In June 2014 the Ministry of Finance and the Public Authority for Electricity and Water launched an effort to privatise various components of the state-owned Electricity Holding Company, which owns a group of firms involved in electricity generation, transmission and distribution in Oman.

The Muscat Electricity Distribution Company, which is involved in supplying electricity in the capital region, is first on the privatisation docket, with other firms to follow. These public utilities companies – the majority of which have a large customer base and long-term contracts in place – are widely expected to attract a considerable amount of attention from investors when launching an IPO.

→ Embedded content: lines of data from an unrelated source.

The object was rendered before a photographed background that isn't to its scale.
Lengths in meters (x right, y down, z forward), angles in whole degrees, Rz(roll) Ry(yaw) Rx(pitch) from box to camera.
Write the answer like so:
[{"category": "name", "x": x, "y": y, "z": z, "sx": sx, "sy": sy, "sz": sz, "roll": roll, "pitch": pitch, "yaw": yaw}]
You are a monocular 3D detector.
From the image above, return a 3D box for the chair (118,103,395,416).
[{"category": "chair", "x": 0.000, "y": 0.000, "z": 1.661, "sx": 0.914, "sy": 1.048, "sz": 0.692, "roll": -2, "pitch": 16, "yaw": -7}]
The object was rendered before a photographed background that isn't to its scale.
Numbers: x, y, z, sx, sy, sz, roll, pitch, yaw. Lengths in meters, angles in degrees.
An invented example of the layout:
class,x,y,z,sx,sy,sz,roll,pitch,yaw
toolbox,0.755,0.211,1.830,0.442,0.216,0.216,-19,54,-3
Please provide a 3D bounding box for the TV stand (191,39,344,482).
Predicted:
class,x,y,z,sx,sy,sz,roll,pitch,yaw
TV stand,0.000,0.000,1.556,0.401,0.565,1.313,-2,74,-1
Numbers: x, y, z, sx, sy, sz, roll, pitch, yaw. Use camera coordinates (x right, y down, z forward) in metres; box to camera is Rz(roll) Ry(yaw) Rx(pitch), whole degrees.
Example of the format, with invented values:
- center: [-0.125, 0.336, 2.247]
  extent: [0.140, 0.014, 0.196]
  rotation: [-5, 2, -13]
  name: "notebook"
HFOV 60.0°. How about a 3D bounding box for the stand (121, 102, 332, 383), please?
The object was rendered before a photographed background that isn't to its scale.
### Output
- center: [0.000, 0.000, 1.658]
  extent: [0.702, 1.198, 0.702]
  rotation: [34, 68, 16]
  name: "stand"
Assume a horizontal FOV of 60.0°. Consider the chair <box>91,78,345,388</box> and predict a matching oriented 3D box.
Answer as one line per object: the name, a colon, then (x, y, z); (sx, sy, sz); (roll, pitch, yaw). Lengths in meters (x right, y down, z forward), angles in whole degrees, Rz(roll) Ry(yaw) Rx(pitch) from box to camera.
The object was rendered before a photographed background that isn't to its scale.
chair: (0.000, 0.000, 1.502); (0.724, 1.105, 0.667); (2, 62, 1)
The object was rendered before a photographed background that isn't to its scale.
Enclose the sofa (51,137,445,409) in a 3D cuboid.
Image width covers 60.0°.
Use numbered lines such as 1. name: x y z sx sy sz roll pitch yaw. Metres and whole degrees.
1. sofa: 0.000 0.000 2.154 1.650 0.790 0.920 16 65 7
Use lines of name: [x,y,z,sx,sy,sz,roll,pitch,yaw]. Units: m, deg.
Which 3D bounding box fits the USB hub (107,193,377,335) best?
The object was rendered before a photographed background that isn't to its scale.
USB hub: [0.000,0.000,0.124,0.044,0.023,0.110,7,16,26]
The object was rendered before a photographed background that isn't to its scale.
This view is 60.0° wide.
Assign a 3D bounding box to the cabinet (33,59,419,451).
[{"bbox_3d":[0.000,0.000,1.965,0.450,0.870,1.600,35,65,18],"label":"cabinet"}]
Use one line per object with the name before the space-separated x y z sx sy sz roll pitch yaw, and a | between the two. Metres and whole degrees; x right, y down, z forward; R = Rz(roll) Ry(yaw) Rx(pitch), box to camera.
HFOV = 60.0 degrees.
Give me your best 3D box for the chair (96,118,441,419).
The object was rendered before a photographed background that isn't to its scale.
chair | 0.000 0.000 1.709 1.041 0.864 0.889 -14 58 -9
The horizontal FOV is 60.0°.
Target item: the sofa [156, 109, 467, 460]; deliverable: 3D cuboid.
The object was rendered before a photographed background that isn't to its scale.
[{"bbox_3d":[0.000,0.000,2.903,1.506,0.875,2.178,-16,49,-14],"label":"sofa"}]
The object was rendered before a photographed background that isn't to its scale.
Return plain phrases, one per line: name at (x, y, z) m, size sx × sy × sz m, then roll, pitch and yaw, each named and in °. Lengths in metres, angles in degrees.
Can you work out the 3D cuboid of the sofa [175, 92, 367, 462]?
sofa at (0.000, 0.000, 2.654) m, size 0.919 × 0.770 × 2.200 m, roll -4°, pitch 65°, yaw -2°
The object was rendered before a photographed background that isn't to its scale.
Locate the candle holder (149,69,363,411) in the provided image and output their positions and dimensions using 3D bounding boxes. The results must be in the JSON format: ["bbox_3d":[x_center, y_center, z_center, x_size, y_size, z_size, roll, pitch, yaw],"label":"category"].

Other sectors that will likely be tapped for privatisation in the coming years include the construction materials industry – particularly the cement segment – and various agricultural concerns. According to the authorities the oil and gas sector, which accounts for a majority of government revenues in Oman, will likely not be privatised anytime soon. That said, in early 2014 the Ministry of Finance announced that it would potentially be open to partnering with foreign direct investors in the hydrocarbons and tourism sectors, both of which are considered to be key long-term drivers of economic growth in the sultanate. Regardless, with more than 60 firms currently being considered for privatisation, local investors are looking forward to new investment opportunities for years to come. “This is a huge opportunity for investors and the capital markets sector,” said Spencer. “Depending on the number of firms the government decides to list, the MSM could potentially double in size in the coming years.”